Jenn Gambatese, who plays the vital role of Jane, is well known as the girl who captured our hearts for her turn in the short lived, All Shook Up. The moment Jane steps on the overly green set, the value of the production is raised, and the divas voice is praised. With a sweet yet powerful set of chords, Gambatese easily becomes the main focus of the musical. With minimal flying and swinging, and a touching descent from high above the stage on a swing, she adds a flavor to the show that says that this indeed is genuine. She is a real person with emotions and senses, and with such a gaping heart she can and does accept and fall in love with a man who believes he’s an ape. The concept is ridiculous but the execution is well mannered and intended.

There were nine new songs written for the musical, three of those songs are highly enjoyable, and to little surprise, Gambatese sings all three. She’s without a doubt worth the ticket price alone.

And as for Phil Collins? Composing a score for the musical theatre is never an easy undertaking, and with such an elaborate expertise in writing a memorable song, Collins does provide a handful of new melodies that push the show along, and embarks the audience on a Journey of musical story telling. Yet unlike Disney’s Aida and Beast, there was quite a defining texture to the coverage of delivery and structure that wasn’t apparent in this production. The masterpiece quality which we have come to expect from camp Disney wasn’t delivered, yet that doesn’t mean that an enjoyable, memorable, family friendly show isn’t currently gracing the great white way.

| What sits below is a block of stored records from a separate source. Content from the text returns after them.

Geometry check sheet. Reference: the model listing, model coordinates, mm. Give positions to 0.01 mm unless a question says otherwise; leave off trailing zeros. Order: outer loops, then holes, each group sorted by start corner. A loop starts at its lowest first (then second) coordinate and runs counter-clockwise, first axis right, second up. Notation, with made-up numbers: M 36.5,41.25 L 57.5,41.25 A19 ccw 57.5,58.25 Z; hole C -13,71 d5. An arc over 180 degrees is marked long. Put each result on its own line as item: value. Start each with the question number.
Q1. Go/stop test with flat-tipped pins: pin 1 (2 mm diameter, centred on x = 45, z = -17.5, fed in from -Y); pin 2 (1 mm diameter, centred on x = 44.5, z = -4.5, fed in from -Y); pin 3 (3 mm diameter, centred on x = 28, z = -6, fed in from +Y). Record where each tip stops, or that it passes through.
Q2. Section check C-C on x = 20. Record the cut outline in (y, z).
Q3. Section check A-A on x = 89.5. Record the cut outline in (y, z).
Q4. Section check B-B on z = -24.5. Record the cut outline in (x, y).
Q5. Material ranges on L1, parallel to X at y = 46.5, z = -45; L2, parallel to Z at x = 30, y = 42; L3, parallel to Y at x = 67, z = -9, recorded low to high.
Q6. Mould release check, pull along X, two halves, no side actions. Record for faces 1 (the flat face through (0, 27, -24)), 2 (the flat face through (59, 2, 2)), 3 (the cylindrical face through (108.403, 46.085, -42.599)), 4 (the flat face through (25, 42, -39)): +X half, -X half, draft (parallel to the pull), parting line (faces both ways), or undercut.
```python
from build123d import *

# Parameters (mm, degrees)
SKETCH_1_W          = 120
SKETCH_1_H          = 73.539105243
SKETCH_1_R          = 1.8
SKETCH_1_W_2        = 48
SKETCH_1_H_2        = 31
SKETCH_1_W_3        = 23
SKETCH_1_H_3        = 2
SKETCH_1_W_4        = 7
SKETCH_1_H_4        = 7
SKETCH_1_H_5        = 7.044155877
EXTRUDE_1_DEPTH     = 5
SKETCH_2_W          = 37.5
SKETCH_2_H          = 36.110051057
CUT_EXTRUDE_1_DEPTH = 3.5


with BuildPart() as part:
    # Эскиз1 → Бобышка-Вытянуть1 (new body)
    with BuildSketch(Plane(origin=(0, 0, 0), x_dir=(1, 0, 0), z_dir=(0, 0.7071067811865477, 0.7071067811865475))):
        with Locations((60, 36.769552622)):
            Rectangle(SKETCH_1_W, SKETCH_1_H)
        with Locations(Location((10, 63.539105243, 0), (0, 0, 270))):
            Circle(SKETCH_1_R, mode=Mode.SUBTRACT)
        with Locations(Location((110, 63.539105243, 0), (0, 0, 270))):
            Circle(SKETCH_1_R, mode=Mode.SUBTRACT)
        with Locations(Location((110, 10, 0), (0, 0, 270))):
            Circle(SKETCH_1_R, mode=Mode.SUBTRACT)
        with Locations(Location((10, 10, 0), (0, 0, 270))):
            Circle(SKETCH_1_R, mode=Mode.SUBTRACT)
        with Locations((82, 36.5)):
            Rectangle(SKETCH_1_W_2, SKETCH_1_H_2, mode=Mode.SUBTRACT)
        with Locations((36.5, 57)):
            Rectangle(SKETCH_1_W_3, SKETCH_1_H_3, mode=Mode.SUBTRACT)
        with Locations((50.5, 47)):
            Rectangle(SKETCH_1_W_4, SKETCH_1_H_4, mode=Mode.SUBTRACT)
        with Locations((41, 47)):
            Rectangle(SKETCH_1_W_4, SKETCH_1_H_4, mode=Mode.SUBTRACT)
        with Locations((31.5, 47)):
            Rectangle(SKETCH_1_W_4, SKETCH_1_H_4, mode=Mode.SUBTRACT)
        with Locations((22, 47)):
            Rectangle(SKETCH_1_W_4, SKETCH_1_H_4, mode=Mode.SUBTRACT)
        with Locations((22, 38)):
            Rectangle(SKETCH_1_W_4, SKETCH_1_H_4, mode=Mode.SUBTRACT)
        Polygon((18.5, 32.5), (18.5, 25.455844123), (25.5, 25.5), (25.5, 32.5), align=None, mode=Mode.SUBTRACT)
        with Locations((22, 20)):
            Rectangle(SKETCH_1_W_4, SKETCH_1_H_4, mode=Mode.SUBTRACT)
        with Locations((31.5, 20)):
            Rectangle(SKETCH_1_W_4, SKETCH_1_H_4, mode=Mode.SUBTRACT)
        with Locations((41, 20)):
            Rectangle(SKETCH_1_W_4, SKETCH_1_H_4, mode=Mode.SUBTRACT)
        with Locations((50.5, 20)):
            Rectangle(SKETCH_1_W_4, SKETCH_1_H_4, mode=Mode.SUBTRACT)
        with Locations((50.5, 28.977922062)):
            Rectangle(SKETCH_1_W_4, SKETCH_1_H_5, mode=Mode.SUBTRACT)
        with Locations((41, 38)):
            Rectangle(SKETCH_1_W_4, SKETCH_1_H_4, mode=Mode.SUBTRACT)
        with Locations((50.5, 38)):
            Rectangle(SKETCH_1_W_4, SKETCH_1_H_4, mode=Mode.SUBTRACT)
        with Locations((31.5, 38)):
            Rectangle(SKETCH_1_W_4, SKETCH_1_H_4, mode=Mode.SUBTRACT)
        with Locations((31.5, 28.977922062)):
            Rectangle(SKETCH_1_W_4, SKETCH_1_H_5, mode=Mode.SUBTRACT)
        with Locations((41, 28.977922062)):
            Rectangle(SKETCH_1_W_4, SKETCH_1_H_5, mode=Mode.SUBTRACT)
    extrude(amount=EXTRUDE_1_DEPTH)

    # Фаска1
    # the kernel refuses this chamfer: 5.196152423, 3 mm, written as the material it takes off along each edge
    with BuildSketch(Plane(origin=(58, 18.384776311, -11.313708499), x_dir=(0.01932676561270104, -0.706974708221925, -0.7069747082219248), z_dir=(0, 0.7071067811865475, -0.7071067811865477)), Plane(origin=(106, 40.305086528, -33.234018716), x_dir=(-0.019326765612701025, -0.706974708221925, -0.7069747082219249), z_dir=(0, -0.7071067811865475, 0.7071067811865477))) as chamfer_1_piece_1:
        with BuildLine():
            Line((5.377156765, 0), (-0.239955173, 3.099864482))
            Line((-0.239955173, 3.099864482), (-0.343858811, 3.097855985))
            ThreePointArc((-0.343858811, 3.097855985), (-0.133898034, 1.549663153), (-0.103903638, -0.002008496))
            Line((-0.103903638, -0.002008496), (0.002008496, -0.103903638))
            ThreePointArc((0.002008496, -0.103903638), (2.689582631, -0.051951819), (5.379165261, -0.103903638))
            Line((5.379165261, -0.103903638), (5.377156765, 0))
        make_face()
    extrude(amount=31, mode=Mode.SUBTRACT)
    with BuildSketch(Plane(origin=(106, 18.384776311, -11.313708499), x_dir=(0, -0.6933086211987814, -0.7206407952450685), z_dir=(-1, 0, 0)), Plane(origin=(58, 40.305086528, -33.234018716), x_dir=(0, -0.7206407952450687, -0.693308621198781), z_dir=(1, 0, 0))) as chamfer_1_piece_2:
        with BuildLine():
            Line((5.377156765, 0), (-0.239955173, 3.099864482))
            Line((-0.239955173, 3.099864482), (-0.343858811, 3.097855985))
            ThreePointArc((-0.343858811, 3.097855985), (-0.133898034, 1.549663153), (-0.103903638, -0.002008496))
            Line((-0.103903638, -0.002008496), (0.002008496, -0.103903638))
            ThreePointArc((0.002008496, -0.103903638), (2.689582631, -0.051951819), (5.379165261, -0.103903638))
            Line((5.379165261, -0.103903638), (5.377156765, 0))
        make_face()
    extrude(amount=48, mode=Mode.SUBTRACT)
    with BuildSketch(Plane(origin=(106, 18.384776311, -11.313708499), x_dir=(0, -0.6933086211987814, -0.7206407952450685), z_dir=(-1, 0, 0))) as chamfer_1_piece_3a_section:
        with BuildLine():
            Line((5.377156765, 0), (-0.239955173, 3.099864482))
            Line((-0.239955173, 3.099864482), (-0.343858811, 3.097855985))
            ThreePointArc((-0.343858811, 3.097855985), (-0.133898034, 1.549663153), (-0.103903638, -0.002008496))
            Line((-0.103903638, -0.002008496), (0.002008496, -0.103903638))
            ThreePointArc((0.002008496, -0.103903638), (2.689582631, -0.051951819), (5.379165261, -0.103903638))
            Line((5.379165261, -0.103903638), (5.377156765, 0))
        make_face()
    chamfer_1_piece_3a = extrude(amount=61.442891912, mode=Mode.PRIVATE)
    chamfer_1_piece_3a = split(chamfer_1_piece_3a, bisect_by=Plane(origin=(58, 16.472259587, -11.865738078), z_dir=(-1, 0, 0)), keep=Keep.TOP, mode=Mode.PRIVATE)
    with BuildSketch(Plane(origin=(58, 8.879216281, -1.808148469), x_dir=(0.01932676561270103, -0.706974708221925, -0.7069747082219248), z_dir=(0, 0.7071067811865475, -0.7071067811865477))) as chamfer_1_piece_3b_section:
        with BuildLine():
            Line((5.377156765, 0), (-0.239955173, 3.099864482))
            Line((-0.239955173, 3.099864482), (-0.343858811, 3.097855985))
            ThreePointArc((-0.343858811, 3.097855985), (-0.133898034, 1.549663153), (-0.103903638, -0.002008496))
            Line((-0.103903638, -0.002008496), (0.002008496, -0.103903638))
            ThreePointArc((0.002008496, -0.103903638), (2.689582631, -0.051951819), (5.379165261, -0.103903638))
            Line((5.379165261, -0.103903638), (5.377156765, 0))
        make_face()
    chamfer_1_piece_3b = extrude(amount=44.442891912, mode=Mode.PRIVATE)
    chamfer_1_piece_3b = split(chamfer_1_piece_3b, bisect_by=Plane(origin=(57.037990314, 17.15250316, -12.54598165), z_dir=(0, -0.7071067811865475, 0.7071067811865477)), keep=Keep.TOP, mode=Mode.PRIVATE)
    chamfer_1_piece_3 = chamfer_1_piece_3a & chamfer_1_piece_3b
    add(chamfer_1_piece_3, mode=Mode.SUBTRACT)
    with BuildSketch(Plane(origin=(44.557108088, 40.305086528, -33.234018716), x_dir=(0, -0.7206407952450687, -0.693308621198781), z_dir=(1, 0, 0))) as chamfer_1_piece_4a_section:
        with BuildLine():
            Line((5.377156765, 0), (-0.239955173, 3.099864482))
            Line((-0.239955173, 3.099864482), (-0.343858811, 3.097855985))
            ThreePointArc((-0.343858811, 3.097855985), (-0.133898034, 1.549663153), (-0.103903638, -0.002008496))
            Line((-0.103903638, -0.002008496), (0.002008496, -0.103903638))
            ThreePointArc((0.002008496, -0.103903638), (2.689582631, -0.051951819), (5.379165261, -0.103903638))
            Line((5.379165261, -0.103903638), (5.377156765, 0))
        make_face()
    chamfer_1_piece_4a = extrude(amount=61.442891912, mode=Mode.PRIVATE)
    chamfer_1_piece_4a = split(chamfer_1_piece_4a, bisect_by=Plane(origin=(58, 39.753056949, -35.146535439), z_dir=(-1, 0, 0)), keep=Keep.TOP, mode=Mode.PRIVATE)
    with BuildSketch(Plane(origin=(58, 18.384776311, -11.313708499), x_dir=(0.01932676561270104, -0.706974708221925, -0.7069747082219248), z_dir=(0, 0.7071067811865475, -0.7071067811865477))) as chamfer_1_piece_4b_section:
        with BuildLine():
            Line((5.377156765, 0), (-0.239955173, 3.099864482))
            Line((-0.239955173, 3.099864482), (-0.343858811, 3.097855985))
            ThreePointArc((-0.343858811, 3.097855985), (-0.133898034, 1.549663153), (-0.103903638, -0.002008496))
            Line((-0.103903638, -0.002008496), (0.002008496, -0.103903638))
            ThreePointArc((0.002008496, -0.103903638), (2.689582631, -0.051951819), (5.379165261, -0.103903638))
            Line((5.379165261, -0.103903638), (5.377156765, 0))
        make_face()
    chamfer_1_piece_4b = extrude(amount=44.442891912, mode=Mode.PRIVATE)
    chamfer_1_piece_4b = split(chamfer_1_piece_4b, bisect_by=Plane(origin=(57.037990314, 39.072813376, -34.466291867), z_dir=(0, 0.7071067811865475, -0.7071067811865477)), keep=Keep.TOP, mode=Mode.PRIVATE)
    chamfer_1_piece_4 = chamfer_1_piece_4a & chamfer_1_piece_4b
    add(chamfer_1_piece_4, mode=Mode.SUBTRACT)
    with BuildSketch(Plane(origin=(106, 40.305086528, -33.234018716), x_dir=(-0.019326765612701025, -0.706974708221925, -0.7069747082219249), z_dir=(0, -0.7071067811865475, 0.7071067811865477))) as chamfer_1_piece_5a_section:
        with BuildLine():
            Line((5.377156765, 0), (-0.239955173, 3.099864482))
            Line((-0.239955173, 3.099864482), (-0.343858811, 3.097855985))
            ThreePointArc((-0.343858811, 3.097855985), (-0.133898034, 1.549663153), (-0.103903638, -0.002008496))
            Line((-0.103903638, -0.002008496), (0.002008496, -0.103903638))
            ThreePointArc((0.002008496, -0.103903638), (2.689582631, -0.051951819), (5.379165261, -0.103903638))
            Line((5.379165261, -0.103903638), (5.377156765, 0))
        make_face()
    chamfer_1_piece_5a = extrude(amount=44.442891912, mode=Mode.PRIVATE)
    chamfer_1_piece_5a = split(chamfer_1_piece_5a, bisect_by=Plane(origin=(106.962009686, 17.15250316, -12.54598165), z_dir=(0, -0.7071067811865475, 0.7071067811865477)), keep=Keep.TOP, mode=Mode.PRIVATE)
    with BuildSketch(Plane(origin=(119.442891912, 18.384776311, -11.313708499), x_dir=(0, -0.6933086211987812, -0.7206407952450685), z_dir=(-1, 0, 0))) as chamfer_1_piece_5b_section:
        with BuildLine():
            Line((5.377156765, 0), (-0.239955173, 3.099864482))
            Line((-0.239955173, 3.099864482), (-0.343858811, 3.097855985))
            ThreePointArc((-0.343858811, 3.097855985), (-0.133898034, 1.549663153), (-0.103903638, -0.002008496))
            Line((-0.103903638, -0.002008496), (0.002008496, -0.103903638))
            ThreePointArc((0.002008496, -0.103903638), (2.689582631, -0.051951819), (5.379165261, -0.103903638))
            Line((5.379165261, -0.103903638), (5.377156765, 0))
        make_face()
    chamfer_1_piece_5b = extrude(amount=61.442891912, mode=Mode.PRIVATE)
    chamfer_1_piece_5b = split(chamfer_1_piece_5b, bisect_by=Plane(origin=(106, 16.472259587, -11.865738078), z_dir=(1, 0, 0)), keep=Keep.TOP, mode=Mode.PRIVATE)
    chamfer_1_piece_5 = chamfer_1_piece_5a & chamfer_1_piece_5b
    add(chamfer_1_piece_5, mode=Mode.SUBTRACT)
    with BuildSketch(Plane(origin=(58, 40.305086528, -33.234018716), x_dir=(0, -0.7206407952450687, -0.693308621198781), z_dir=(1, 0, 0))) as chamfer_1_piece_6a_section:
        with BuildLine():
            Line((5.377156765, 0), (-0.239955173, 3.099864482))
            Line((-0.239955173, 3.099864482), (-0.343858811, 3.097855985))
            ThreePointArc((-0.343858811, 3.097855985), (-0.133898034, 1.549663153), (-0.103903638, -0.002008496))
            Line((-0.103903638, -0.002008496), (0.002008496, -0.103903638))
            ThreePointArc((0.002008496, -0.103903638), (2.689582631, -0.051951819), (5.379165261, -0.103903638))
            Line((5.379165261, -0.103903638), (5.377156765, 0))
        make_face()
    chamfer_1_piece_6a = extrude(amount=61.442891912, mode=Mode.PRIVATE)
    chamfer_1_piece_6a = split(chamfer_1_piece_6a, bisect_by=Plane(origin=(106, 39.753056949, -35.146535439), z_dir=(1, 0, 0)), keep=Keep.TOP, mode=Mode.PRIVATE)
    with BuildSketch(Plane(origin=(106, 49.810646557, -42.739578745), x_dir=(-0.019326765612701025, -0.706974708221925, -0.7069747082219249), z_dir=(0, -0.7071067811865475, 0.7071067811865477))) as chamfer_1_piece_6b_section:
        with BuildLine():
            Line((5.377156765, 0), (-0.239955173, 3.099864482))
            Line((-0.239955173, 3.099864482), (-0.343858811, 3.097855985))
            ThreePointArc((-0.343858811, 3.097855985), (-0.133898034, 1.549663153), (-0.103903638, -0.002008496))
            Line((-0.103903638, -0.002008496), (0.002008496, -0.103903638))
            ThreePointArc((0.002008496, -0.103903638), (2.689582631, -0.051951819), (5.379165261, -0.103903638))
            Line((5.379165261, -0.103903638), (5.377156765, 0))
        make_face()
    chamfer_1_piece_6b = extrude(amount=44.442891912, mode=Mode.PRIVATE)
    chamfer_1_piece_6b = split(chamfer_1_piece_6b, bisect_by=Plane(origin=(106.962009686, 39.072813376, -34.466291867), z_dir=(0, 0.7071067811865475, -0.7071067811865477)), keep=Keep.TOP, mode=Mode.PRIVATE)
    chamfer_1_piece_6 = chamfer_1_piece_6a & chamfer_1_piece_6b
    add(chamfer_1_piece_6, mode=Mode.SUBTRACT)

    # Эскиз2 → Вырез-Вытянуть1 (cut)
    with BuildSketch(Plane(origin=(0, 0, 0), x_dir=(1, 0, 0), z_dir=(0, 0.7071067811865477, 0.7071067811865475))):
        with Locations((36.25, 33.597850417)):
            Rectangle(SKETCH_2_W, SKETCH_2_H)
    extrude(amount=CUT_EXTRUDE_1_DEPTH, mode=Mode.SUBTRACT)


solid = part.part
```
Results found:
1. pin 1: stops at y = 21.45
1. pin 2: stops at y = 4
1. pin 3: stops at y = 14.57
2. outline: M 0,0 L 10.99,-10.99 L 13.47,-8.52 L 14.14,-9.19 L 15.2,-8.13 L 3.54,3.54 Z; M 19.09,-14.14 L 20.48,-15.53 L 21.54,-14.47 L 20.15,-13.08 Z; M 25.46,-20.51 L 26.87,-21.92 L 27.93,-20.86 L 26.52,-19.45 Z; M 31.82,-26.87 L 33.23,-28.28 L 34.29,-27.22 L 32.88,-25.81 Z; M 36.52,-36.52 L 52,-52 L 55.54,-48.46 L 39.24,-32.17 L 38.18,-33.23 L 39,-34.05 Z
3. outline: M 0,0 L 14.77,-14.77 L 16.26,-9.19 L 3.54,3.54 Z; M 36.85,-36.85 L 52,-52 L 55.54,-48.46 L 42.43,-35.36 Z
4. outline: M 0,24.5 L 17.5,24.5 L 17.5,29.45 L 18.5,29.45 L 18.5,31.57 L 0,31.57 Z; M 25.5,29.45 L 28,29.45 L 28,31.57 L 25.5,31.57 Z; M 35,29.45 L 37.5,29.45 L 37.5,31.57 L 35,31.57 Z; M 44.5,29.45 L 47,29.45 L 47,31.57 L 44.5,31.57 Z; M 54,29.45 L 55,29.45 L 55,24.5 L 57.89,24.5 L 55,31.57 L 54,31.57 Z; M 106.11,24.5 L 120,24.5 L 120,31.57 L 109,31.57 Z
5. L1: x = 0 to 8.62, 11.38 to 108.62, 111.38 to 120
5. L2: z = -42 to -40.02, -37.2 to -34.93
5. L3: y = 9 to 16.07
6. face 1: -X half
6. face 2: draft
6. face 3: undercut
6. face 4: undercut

Whether the sets and score left some to be desired, this show has the one thing that every other show this season has failed to come up with. It has the approach of telling a story that provokes our emotions enough to remind us that it’s ok to feel, that its ok to lose track and lose sight of who we are, because somehow and somewhere, we can still find home. It’s acceptable to make mistakes, to be confused, to love someone others don’t approve of, and more than anything its ok to accept the differences among all of us as human beings. This exact message is what is delivered through this production.

Like it or not, you won’t find another show with as much heart as Tarzan. It’s a life lesson to all of us, young and old that life is a learning experience, and we must find the good in everyone and in everything, for at the end of the day, it is our hearts, our souls, and our good hearted conscience that renders us as human beings who aren’t afraid to feel.